Online Questions & Answers Session | From Deserts to Shores: Engaged Archaeologies of Forced Migrations – An American-European Dialogue on Hostile Terrains

With Prof. Jason de León, Austin E. Shipman, Nicole Smith & Gabriel Canter (University of California/ The Undocumented Migration Project) & Prof. Yannis Hamilakis, Ayşe Şanlı & Darcy Hackley (Brown University)

Moderation: HT94FFM-Team

From the US-Mexican border that divides the Sonora desert into the State of Sonora and Arizona to the Aegean waters of the European coastal borders, border regimes have turned landscapes into hostile and lethal terrains. From deserts to shores, these geopolitical conditions cause staggering fatalities and force people to become stuck in miserable conditions at the borders, border detention, and illegality. Jason de León with the Undocumented Migration Project team and Yannis Hamilakis have researched the people, infrastructures, and assemblages of borders and clandestine border crossing using archaeological and ethnographic approaches. The materials collected not only served as a basis to document and understand structural violence, quotidian conditions, and capabilities to act.
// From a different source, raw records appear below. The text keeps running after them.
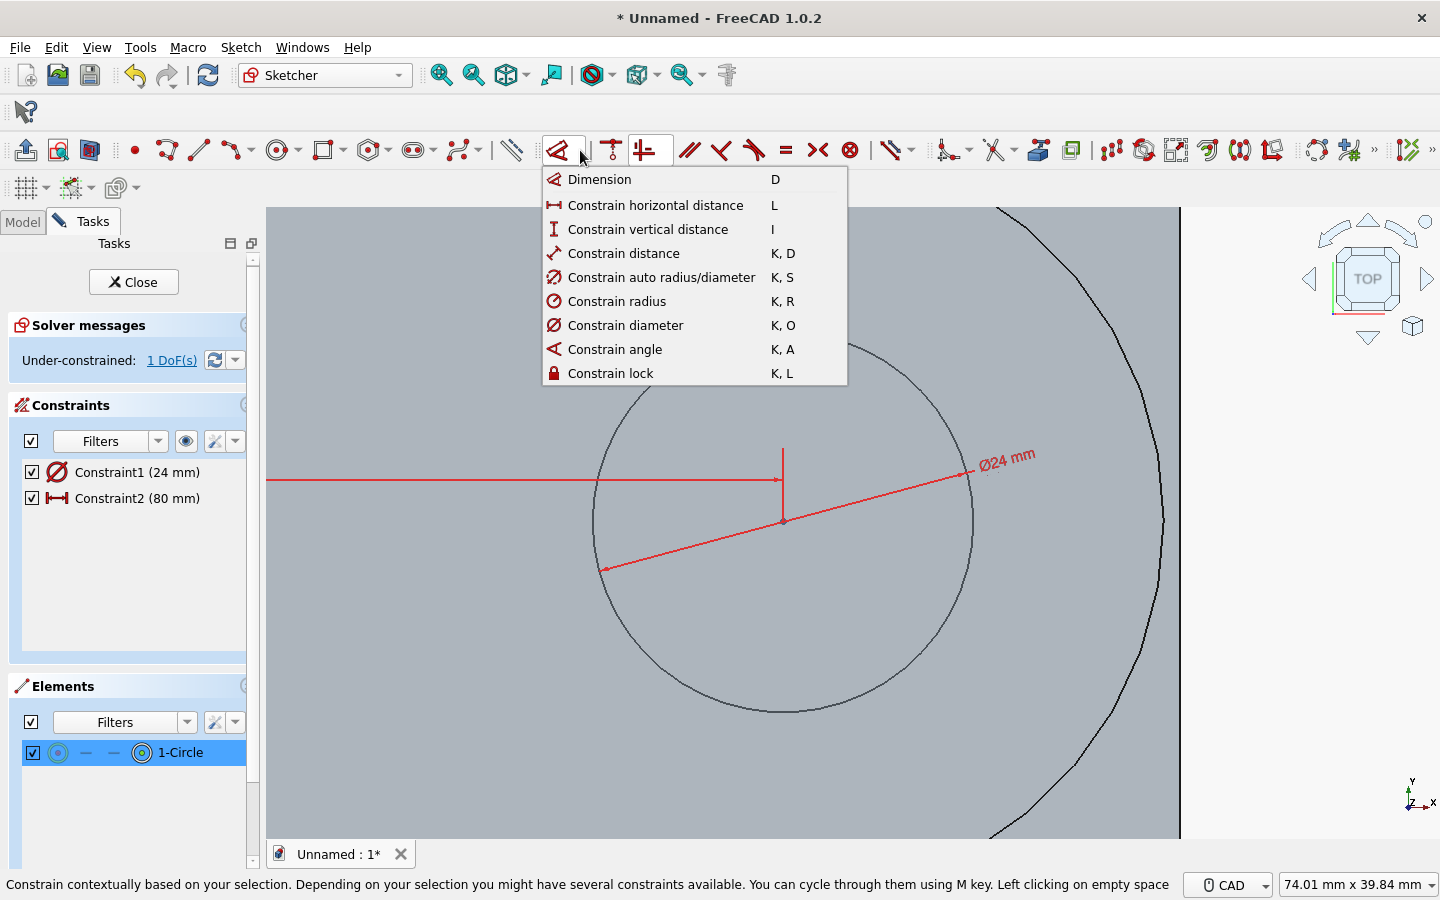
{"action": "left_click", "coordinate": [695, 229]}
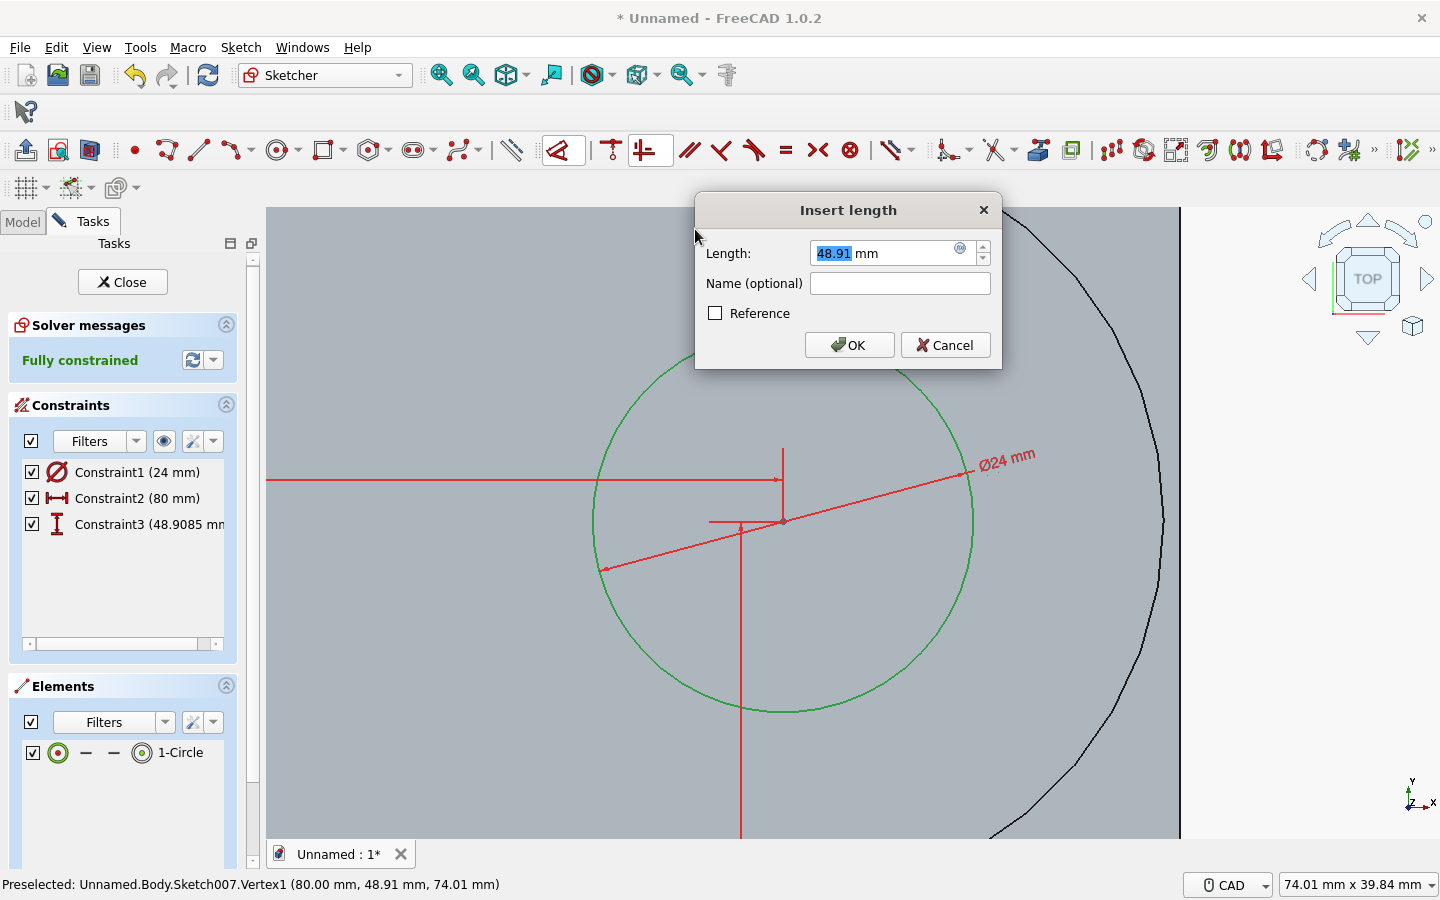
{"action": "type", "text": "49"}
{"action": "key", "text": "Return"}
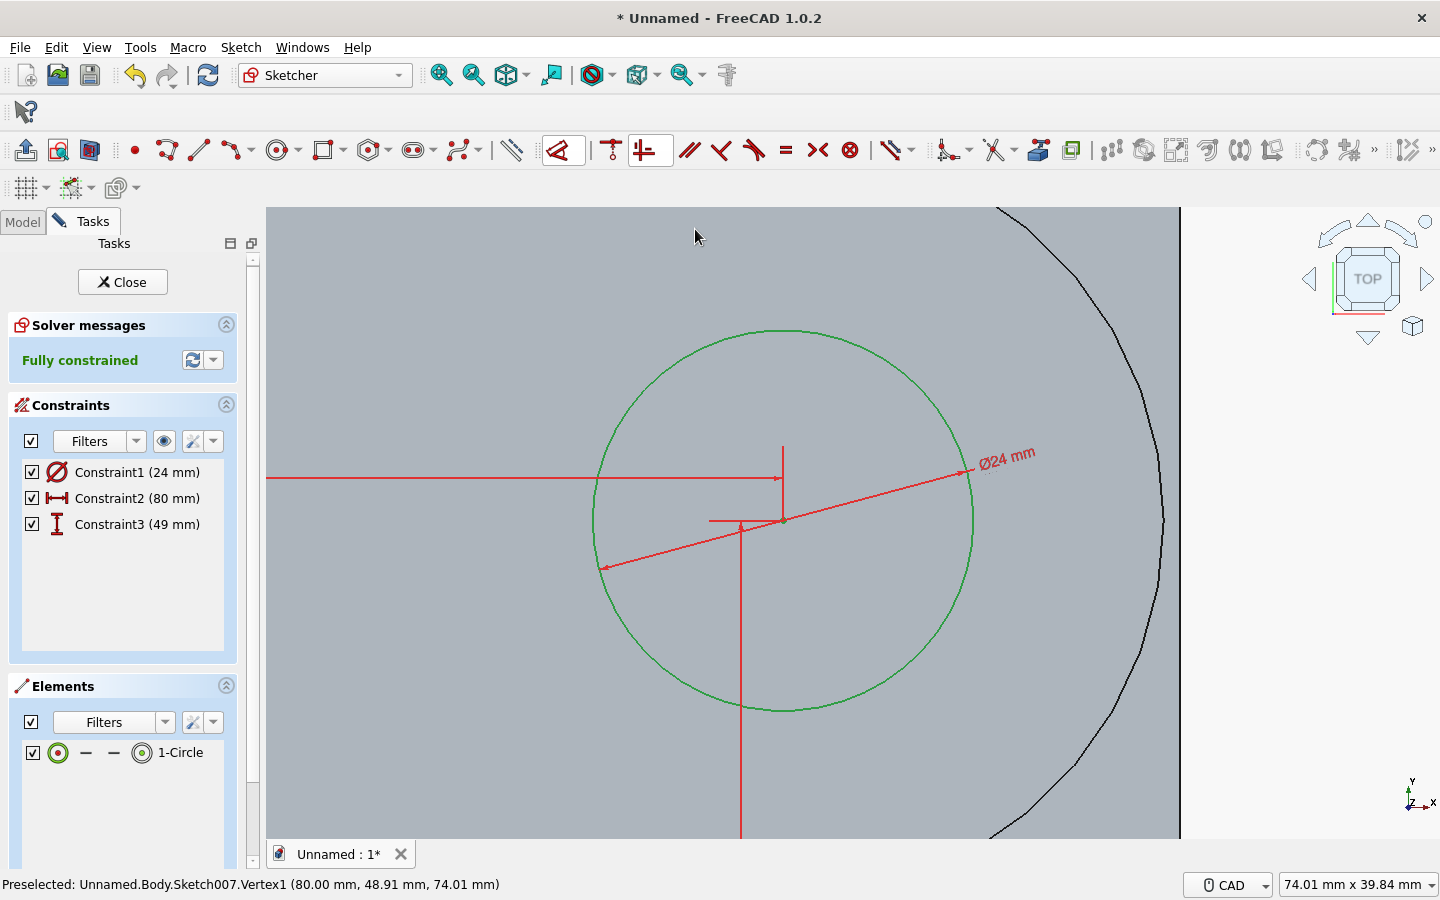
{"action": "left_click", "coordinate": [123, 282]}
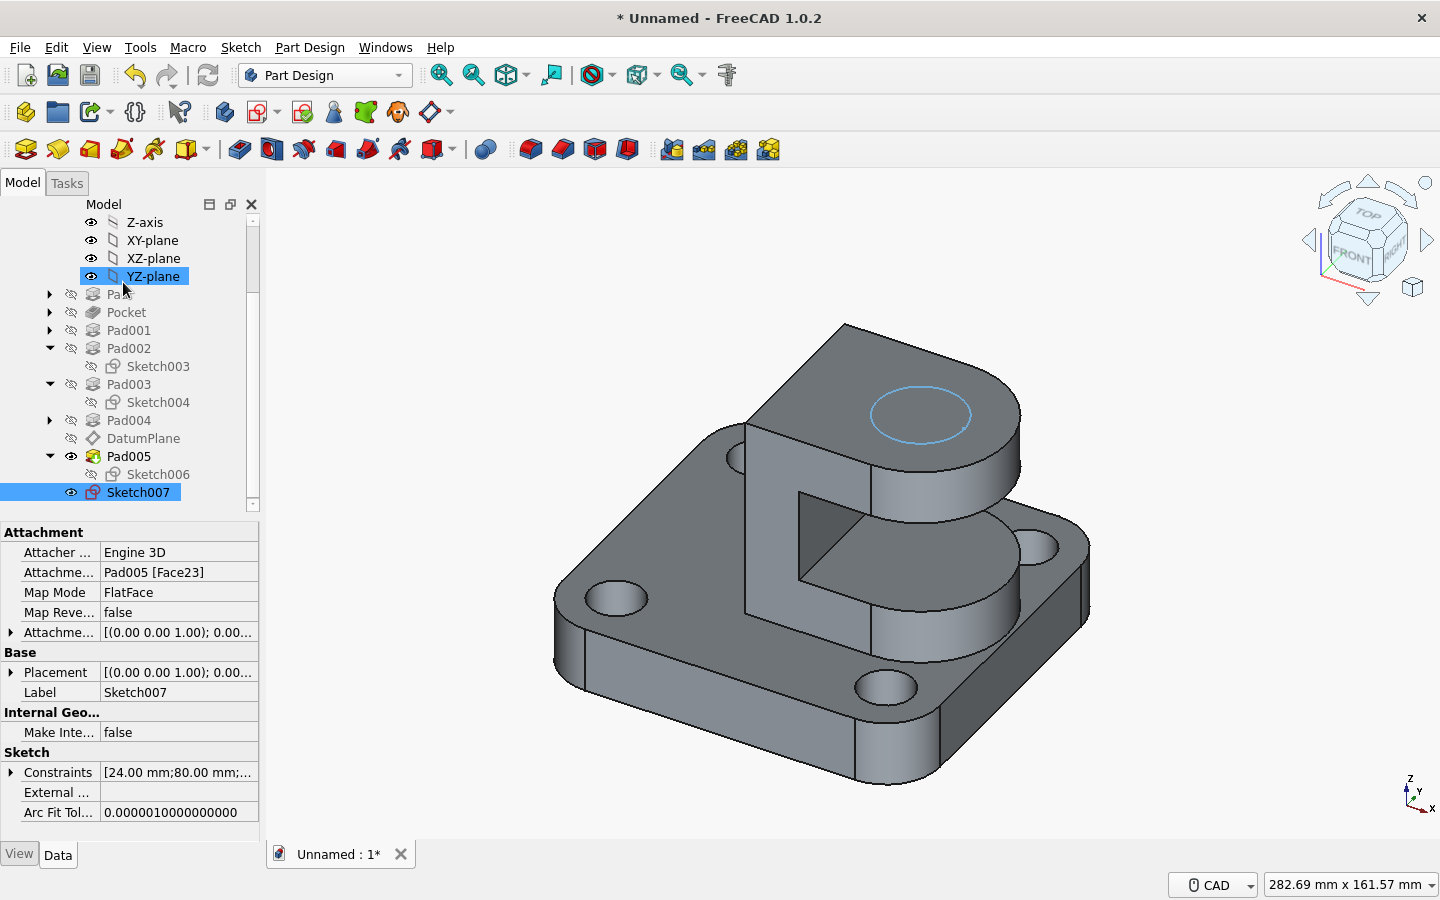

Things are also used in interventionist displays to raise awareness about the victims and the humanitarian crisis at the borders, as the global pop-up exhibition, Hostile Terrain 94 and the Transient Matter (onsite/online Haffenreffer Museum) display impressively make present.

This questions & answers session is meant to establish a US-EU dialogue on current border developments, the capabilities, issues, and constraints of researching borderscapes and forced migrations by material culture approaches and beyond.